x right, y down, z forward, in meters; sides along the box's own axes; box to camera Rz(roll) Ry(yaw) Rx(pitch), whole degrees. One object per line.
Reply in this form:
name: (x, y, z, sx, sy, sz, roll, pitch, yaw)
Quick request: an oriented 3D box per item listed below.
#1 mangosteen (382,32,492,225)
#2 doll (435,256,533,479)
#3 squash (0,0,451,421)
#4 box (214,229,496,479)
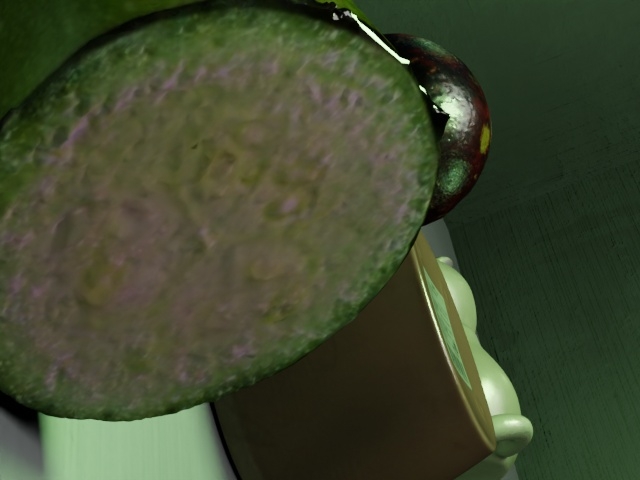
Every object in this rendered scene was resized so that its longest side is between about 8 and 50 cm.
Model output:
mangosteen: (0.089, -0.175, 2.113, 0.359, 0.306, 0.306, 28, 38, -45)
doll: (0.139, 0.183, 1.870, 0.215, 0.226, 0.370, 18, 34, -39)
squash: (-0.129, -0.097, 0.884, 0.309, 0.310, 0.310, 54, -3, 41)
box: (0.030, 0.124, 1.341, 0.301, 0.216, 0.301, -19, 90, -79)
========================
Activity ▸ Every line of the entries above that holds "this" should be copied out.

Written solution ▸
Reply in this form:
Every object in this rendered scene was resized so that its longest side is between about 8 and 50 cm.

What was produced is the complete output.